◆ **ACTIVITY**
Every line from the one containing "Answer: 2023 Did" to the end of the data below should be copied exactly, but pictures should not.

===== EXTRACTED INFORMATION =====

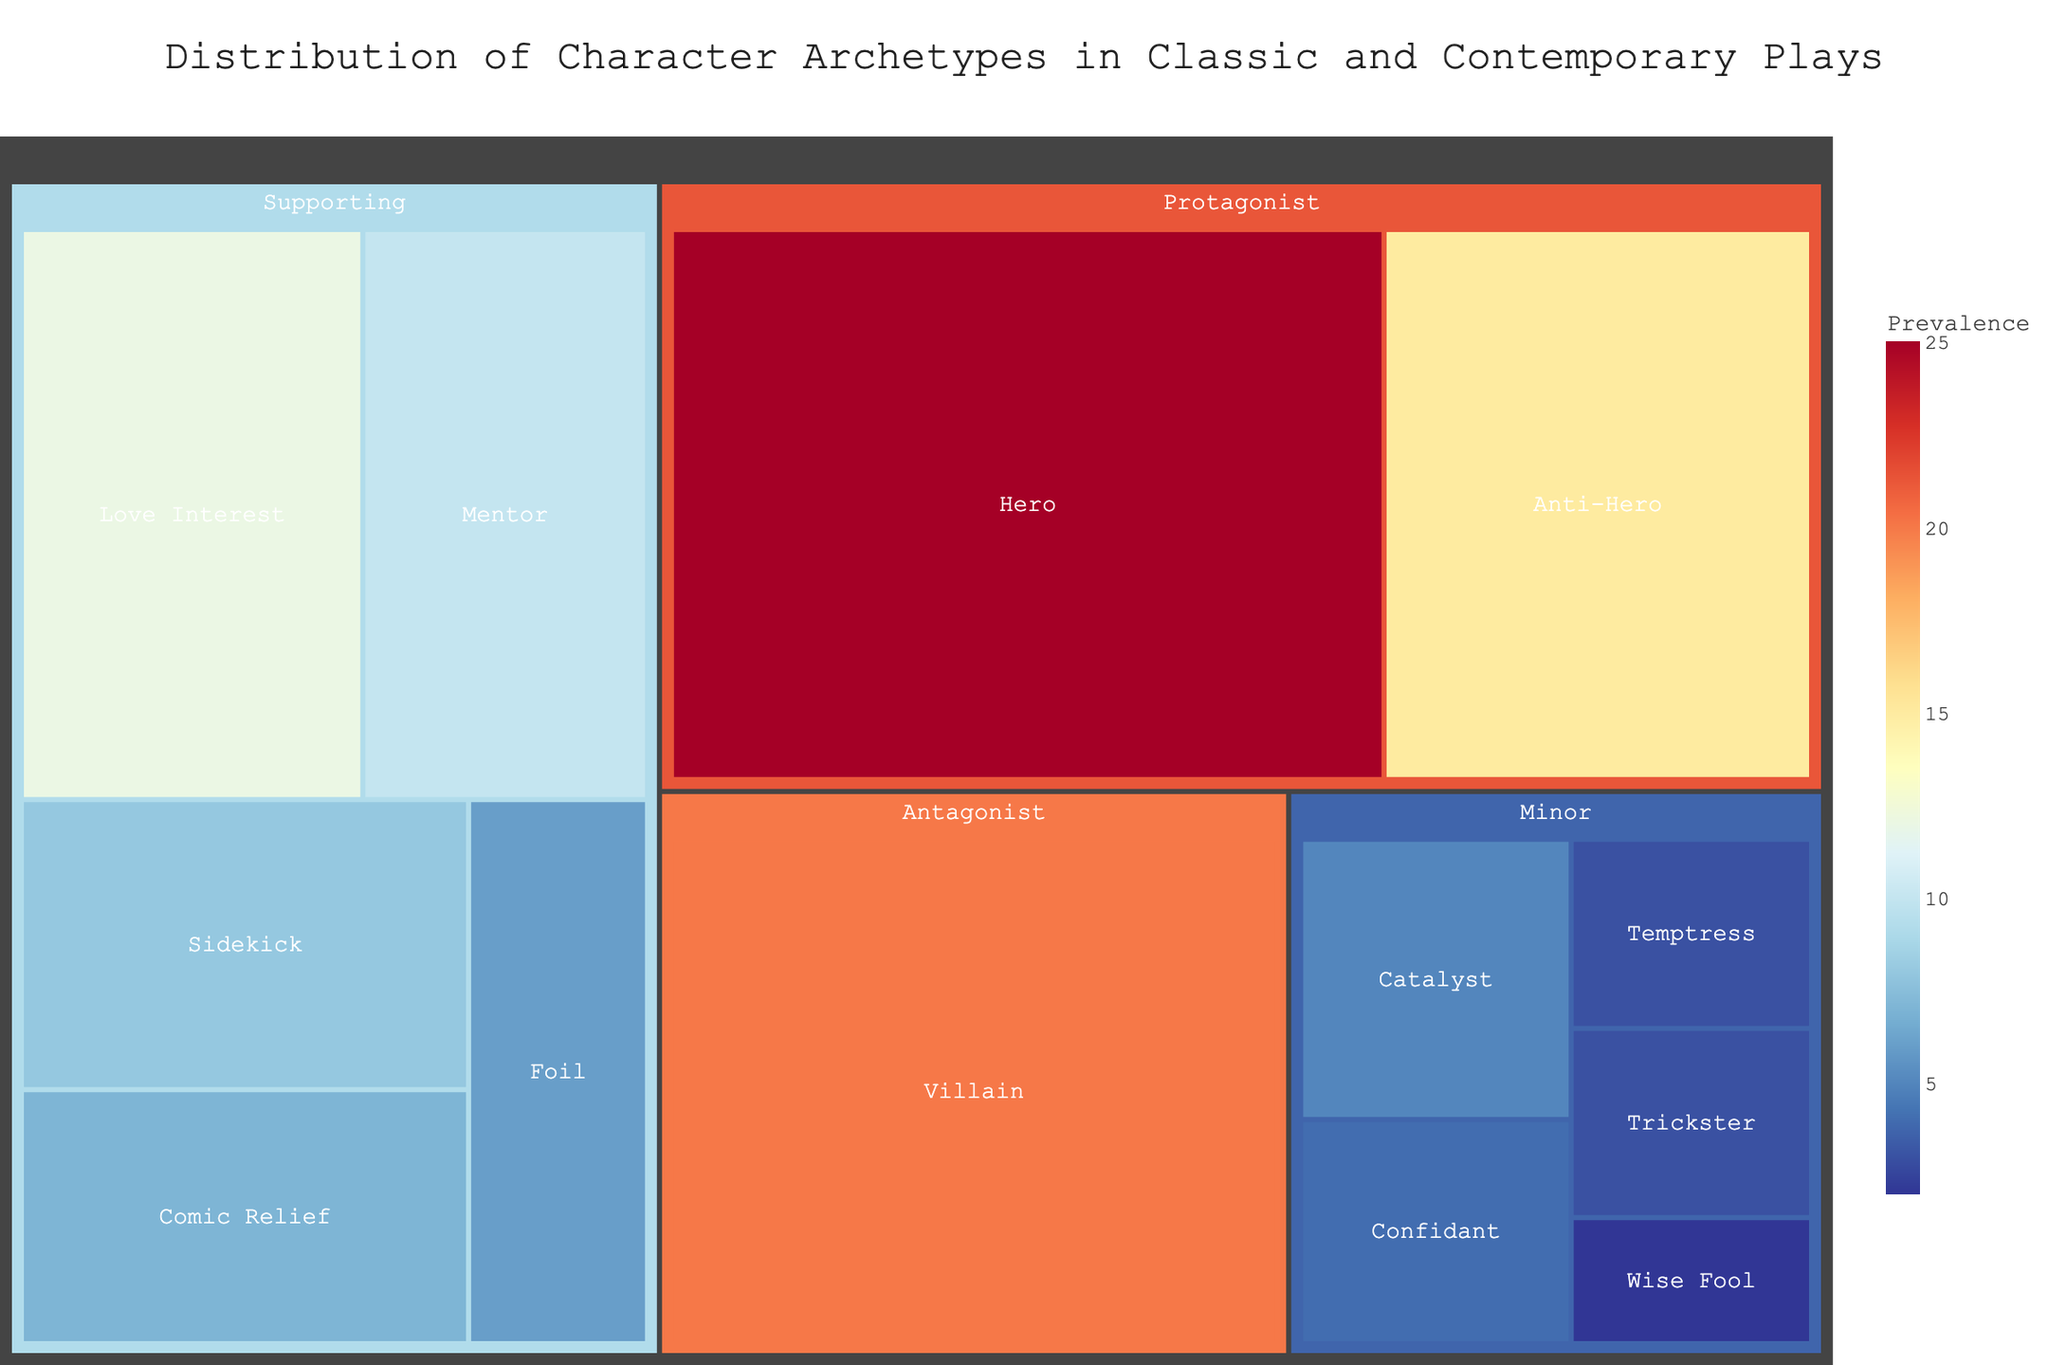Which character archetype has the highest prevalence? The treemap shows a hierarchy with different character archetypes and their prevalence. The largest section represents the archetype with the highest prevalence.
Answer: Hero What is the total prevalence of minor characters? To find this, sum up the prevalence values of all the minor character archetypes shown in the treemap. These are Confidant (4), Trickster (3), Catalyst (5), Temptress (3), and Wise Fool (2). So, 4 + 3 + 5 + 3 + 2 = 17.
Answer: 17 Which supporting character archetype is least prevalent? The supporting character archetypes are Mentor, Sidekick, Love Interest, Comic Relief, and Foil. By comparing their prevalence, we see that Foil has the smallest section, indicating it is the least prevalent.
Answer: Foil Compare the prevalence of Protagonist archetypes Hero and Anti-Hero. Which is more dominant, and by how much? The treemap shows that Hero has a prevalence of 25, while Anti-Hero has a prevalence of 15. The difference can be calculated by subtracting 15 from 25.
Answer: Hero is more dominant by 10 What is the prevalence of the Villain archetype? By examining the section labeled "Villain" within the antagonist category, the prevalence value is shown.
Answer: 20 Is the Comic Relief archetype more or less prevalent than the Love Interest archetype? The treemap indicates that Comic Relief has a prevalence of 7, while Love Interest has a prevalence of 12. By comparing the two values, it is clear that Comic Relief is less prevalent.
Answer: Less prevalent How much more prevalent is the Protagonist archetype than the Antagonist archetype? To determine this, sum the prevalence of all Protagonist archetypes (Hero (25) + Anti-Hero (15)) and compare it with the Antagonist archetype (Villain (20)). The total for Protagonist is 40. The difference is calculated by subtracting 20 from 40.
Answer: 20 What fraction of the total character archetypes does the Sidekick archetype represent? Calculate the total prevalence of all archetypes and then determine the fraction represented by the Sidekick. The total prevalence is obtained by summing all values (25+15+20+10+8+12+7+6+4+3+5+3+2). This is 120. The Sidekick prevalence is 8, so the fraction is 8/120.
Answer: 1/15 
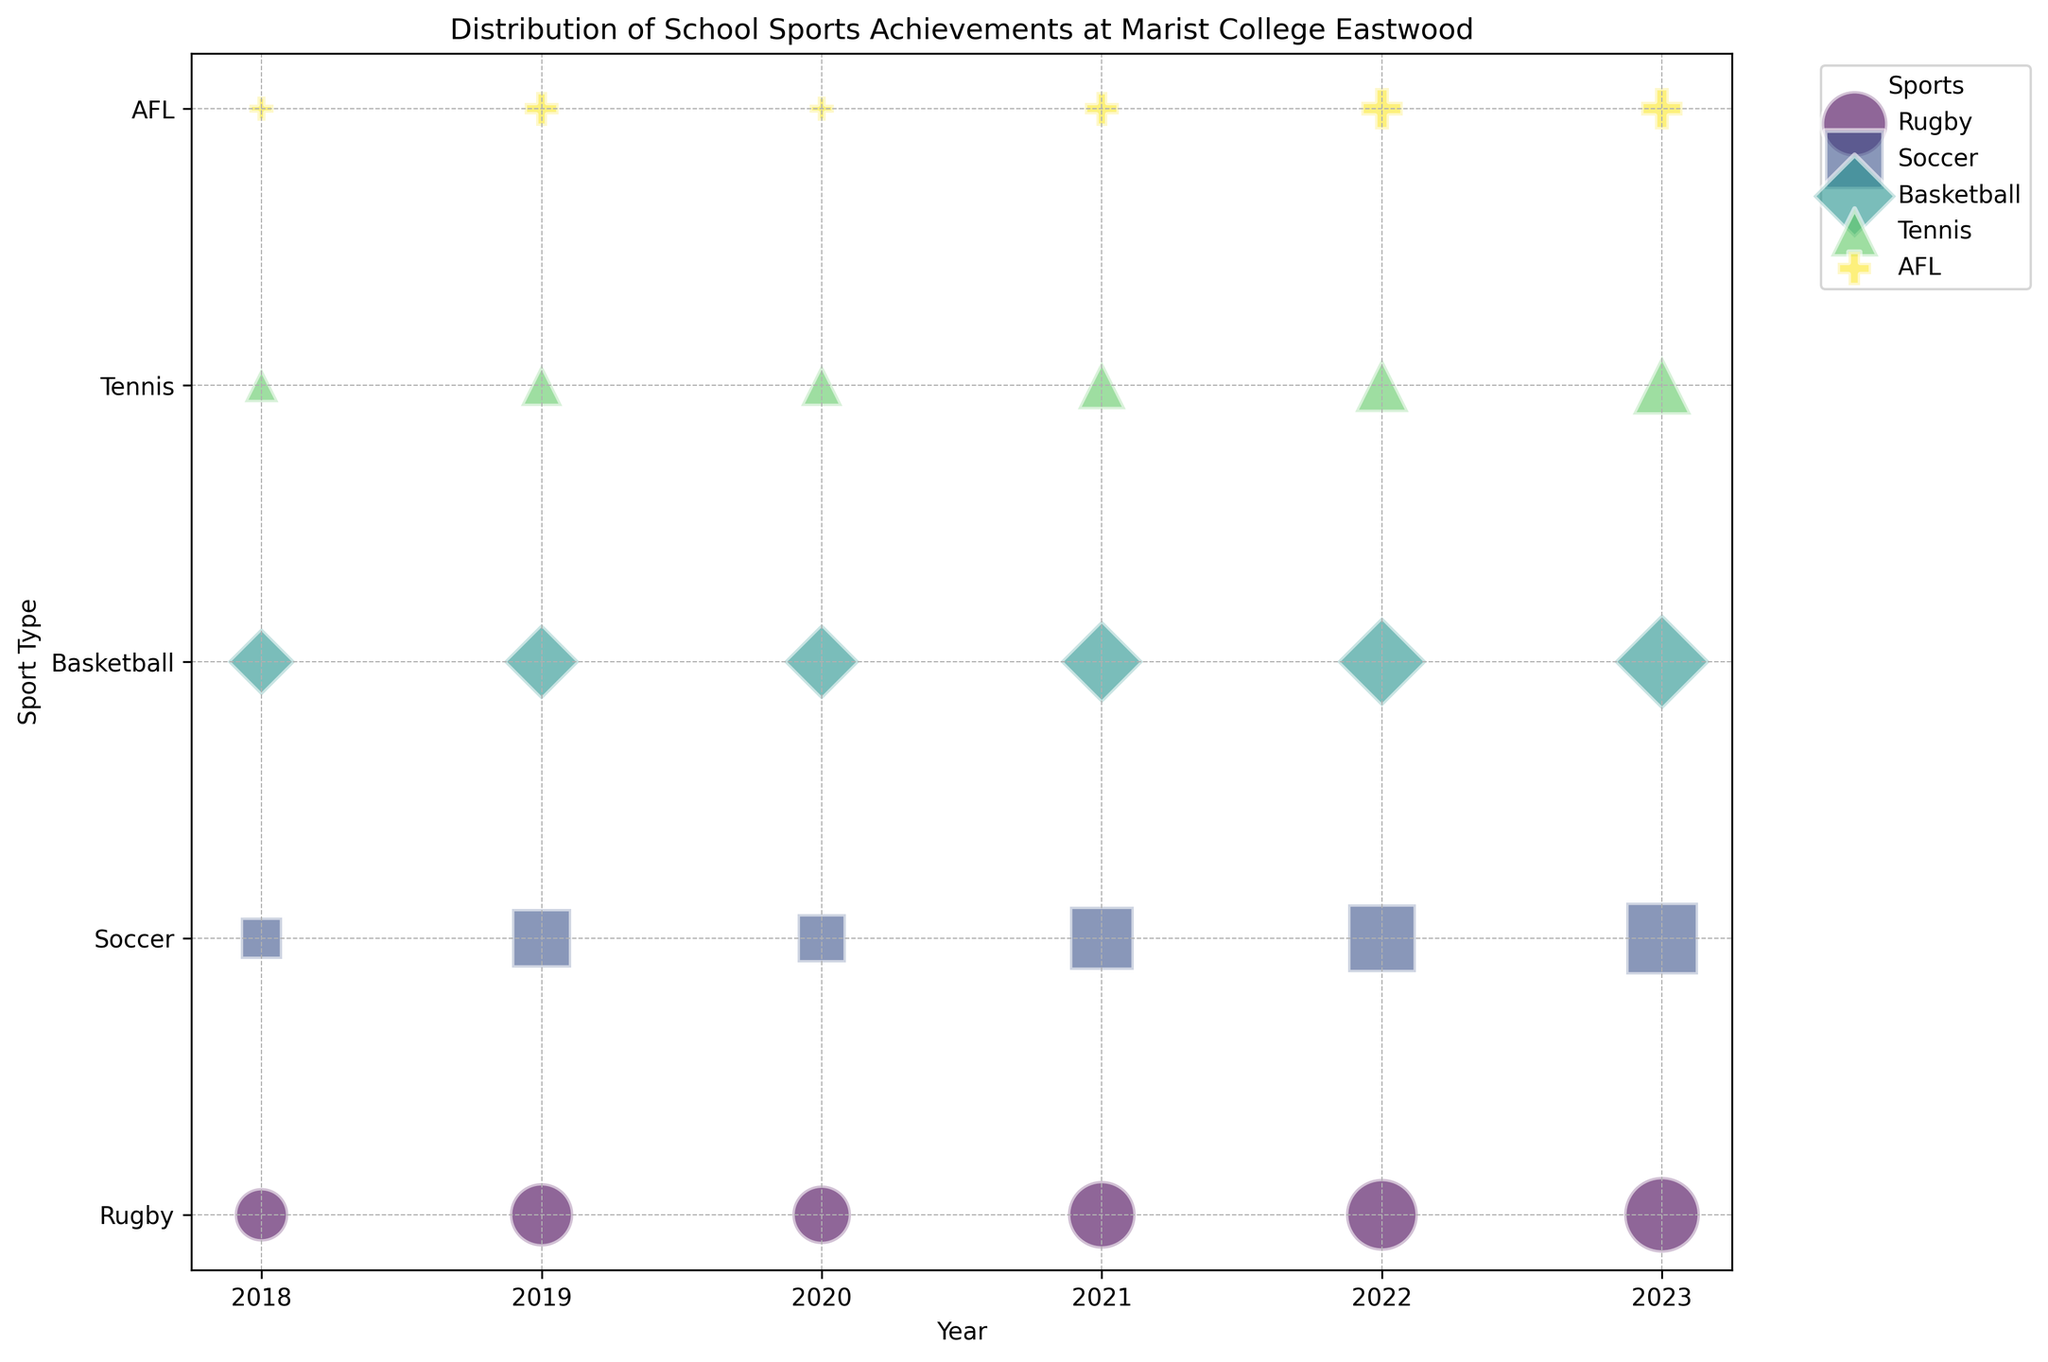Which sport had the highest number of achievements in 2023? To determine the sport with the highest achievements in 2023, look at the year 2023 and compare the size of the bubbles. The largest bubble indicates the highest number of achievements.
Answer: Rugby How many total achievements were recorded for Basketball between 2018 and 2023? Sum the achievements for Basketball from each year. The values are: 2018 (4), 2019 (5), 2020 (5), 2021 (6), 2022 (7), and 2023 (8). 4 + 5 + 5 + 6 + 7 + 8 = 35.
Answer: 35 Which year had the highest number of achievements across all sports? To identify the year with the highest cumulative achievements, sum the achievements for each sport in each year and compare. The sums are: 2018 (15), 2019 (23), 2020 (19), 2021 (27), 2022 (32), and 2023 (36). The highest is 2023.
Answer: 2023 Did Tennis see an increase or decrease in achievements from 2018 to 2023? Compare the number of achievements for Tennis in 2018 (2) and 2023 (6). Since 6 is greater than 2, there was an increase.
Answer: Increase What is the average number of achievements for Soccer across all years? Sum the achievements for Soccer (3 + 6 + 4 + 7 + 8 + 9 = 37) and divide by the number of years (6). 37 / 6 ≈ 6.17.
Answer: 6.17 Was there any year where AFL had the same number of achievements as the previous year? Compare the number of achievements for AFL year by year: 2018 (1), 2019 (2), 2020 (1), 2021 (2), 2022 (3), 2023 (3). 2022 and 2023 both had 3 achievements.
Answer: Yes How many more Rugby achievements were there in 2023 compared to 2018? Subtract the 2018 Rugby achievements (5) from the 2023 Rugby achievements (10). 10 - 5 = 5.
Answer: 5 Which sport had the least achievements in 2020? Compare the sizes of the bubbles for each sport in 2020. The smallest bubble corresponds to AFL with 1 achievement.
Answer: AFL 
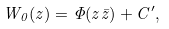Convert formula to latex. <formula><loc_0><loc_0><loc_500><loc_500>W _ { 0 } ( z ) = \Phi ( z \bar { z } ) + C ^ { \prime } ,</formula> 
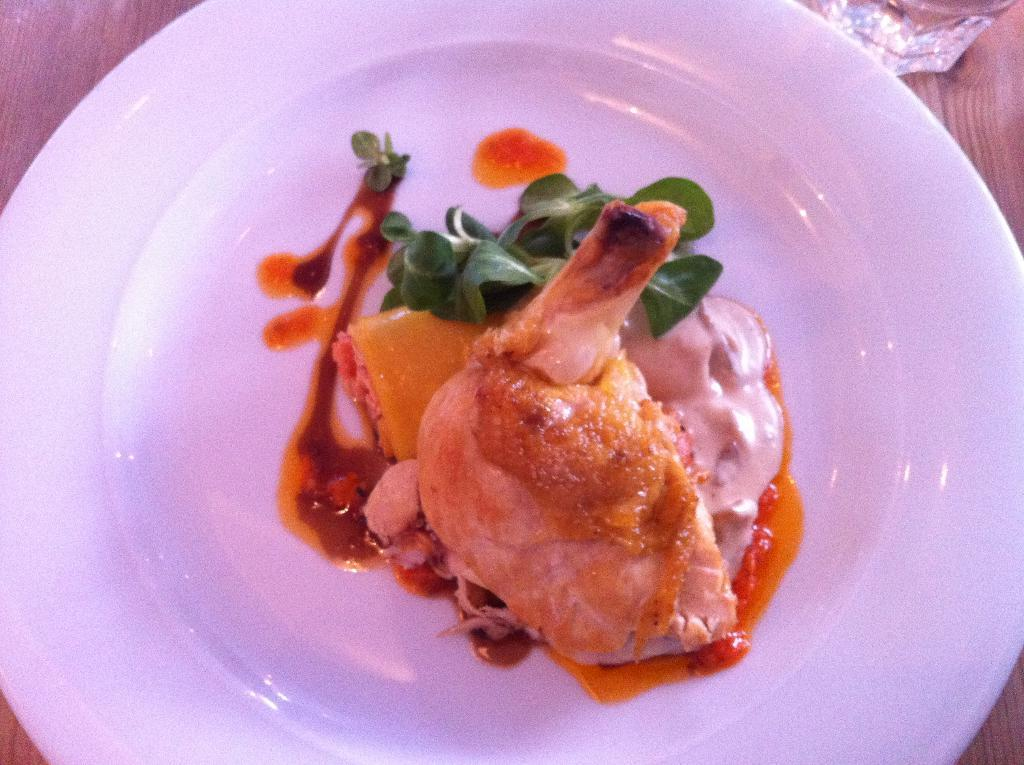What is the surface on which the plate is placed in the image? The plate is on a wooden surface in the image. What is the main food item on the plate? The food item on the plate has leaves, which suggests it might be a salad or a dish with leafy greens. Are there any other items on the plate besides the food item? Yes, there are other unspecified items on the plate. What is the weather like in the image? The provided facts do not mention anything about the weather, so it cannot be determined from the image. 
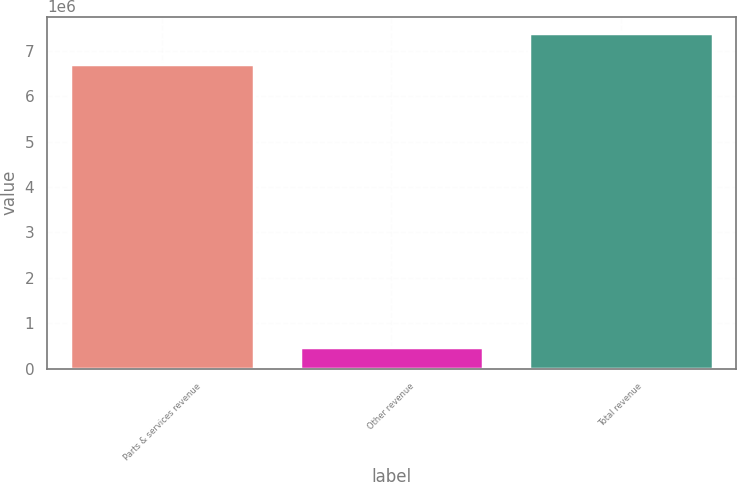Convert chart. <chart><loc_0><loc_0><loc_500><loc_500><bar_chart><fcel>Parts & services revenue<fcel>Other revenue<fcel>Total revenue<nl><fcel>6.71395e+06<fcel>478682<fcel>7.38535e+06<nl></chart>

=====

◆ **TASK OUTPUT**
Answer: 2023 Did Tennis see an increase or decrease in achievements from 2018 to 2023? Compare the number of achievements for Tennis in 2018 (2) and 2023 (6). Since 6 is greater than 2, there was an increase.
Answer: Increase What is the average number of achievements for Soccer across all years? Sum the achievements for Soccer (3 + 6 + 4 + 7 + 8 + 9 = 37) and divide by the number of years (6). 37 / 6 ≈ 6.17.
Answer: 6.17 Was there any year where AFL had the same number of achievements as the previous year? Compare the number of achievements for AFL year by year: 2018 (1), 2019 (2), 2020 (1), 2021 (2), 2022 (3), 2023 (3). 2022 and 2023 both had 3 achievements.
Answer: Yes How many more Rugby achievements were there in 2023 compared to 2018? Subtract the 2018 Rugby achievements (5) from the 2023 Rugby achievements (10). 10 - 5 = 5.
Answer: 5 Which sport had the least achievements in 2020? Compare the sizes of the bubbles for each sport in 2020. The smallest bubble corresponds to AFL with 1 achievement.
Answer: AFL 
Convert formula to latex. <formula><loc_0><loc_0><loc_500><loc_500>W _ { 0 } ( z ) = \Phi ( z \bar { z } ) + C ^ { \prime } ,</formula> 
What is the surface on which the plate is placed in the image? The plate is on a wooden surface in the image. What is the main food item on the plate? The food item on the plate has leaves, which suggests it might be a salad or a dish with leafy greens. Are there any other items on the plate besides the food item? Yes, there are other unspecified items on the plate. What is the weather like in the image? The provided facts do not mention anything about the weather, so it cannot be determined from the image. 
Convert chart. <chart><loc_0><loc_0><loc_500><loc_500><bar_chart><fcel>Parts & services revenue<fcel>Other revenue<fcel>Total revenue<nl><fcel>6.71395e+06<fcel>478682<fcel>7.38535e+06<nl></chart>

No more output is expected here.